Ta ki her zaman egemenlerin sevdiği bir figür olan ve varoluşunu gerçekleştirirken Kürt kimliğini de bir çeşni olarak çok akıllıca kullanan beyaz Kürt Yılmaz Erdoğan’ın etki alanına girene kadar. Bugüne kadar hiçbir bedel ödememiş aksine malı götürmüş birisi olarak Yılmaz Erdoğan belli ki iyi bir sinema izleyicisi. Biraz Nuri Bilge, biraz Tarkovski, biraz David Lynch, biraz İran sineması, biraz Kürt sineması, biraz da Hollywood-Yeşilçam star sineması yapmak istemiş ve Ghobadi’yi satın almış. Tabi bunların hiçbiri tam olarak olmamış. Film bittikten sonra Eee? diyorsunuz. Sinemaya imgeleme, mistisizm, sembolizm, esrarcengizlik falan gibi özellikler iyi yedirilirse tadından yenmiyor ama bunlar zorlanırsa o kadar sıkıcı oluyorlar ki.. Böyle olunca Martin Scorsese’nin sunması bile filmi kurtaramıyor.

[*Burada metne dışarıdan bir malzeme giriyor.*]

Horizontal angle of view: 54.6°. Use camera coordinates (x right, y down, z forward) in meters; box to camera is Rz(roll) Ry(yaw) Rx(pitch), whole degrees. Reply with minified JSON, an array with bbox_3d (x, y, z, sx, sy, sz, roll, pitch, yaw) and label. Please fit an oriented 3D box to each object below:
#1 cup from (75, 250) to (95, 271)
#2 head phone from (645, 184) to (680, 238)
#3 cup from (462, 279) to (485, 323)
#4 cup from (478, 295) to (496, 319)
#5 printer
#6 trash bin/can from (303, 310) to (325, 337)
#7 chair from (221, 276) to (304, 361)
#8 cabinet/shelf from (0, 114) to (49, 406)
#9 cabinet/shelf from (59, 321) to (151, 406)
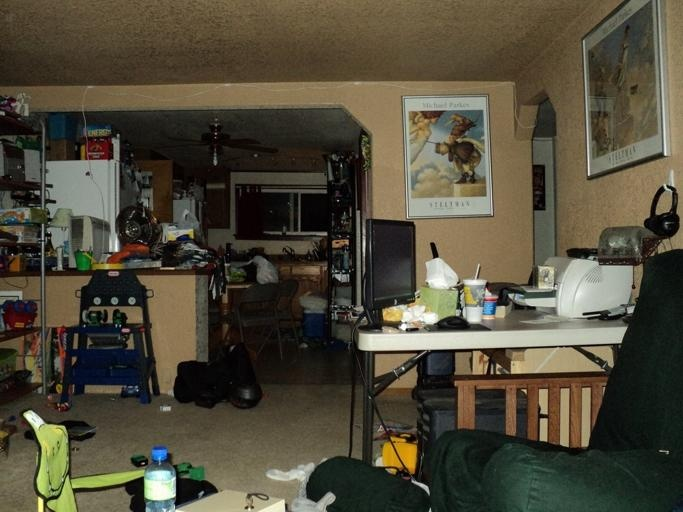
[{"bbox_3d":[-2.221,0.040,5.767,0.179,0.189,0.175,-2,-7,0],"label":"cup"},{"bbox_3d":[1.836,-0.256,3.782,0.178,0.318,0.413,0,2,27],"label":"head phone"},{"bbox_3d":[0.775,0.259,3.850,0.189,0.232,0.174,1,-3,0],"label":"cup"},{"bbox_3d":[0.866,0.297,3.864,0.118,0.124,0.124,5,-4,0],"label":"cup"},{"bbox_3d":[1.364,0.188,4.092,0.574,0.389,0.627,-2,-1,-11],"label":"printer"},{"bbox_3d":[-0.309,0.803,7.939,0.263,0.340,0.350,0,-4,4],"label":"trash bin/can"},{"bbox_3d":[-0.787,0.657,7.283,0.745,1.128,0.825,-3,7,-36],"label":"chair"},{"bbox_3d":[-2.606,-0.047,5.591,0.275,2.332,0.864,-2,2,-19],"label":"cabinet/shelf"},{"bbox_3d":[-1.888,0.862,5.415,0.743,0.562,0.628,-1,-2,-4],"label":"cabinet/shelf"}]
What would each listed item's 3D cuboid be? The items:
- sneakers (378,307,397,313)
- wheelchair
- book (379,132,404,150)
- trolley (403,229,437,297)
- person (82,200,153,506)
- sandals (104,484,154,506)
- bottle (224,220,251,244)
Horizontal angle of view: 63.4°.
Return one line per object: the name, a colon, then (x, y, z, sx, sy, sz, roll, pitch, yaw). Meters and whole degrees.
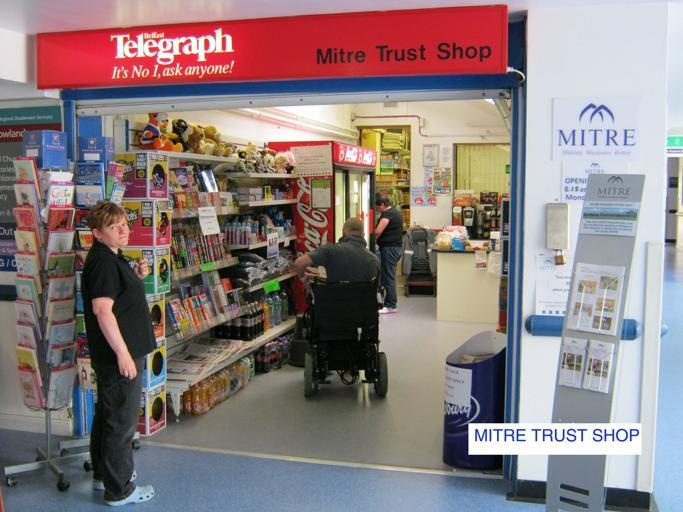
sneakers: (0.797, 0.938, 9.482, 0.355, 0.146, 0.122, 3, -2, -9)
wheelchair: (0.070, 0.804, 5.985, 0.873, 1.213, 1.282, -1, 8, 2)
book: (1.240, -2.755, 13.304, 0.502, 0.214, 0.494, -1, 8, 5)
trolley: (1.625, 0.070, 11.217, 0.763, 1.333, 0.680, -2, 0, 7)
person: (-1.577, 0.688, 3.930, 0.502, 2.135, 0.417, 6, 9, 34)
sandals: (-1.500, 1.715, 3.944, 0.319, 0.133, 0.120, -6, 5, -23)
bottle: (-1.187, -0.265, 6.514, 0.318, 0.295, 0.236, 2, 10, 1)

Burada, 2009’da çektiği ve Tahran’daki yer altı müziğini işleyen muhteşem belgesel çalışması “No One Knows About Persian Cats/Kimse İran Kedileri Hakkında Konuşmuyor”‘dan sonra İran’dan kaçmak zorunda kalan Ghobadi’ye haksızlık yapmak istemiyorum. Yaşamak için para kazanması lazım. Ama bu film Yılmaz Erdoğan’ın tercihleri sonucunda ortaya çıkmış bir sipariş eserdir.  

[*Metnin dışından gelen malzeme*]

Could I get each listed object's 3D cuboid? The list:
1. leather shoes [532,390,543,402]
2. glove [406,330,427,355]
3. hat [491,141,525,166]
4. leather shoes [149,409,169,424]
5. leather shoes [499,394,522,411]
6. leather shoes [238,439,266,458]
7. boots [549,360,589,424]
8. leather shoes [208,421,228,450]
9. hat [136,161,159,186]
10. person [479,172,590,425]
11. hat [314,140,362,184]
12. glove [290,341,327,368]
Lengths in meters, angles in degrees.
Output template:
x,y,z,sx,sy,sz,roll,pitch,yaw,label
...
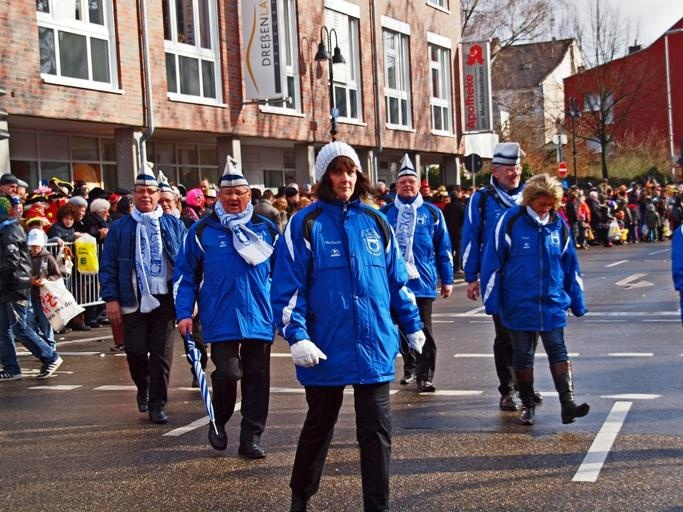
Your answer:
x,y,z,sx,sy,sz,roll,pitch,yaw,label
2.079,1.491,10.285,0.114,0.134,0.308,-2,-9,9,leather shoes
0.591,0.675,7.628,0.174,0.181,0.068,19,20,12,glove
1.763,-1.100,10.331,0.228,0.179,0.331,-1,6,-11,hat
-1.875,1.632,9.887,0.181,0.135,0.187,-3,5,-11,leather shoes
1.750,1.541,10.129,0.118,0.127,0.271,2,-8,-6,leather shoes
-0.830,1.769,8.863,0.285,0.147,0.113,-2,-2,35,leather shoes
2.186,1.319,9.283,0.213,0.568,0.488,-3,5,-5,boots
-1.133,1.622,8.840,0.137,0.293,0.157,-4,5,-20,leather shoes
-2.088,-0.856,10.404,0.314,0.339,0.345,-1,3,-5,hat
1.906,0.422,9.557,0.955,2.433,0.790,-2,5,13,person
-0.048,-0.781,7.514,0.330,0.324,0.301,-8,-37,-13,hat
-0.246,0.728,7.216,0.242,0.242,0.220,-2,5,11,glove

Bu yazı Bahman Ghobadi, Fasle kargadan, Gergedan Mevsimi, iran sineması, Kasi az gorbehaye irani khabar nadareh, Kürt sineması, No One Knows About Persian Cats, Rhino Season, Sinema kategorisine gönderilmiş. Kalıcı bağlantıyı yer imlerinize ekleyin.

Bir cevap yazın

E-posta hesabınız yayımlanmayacak.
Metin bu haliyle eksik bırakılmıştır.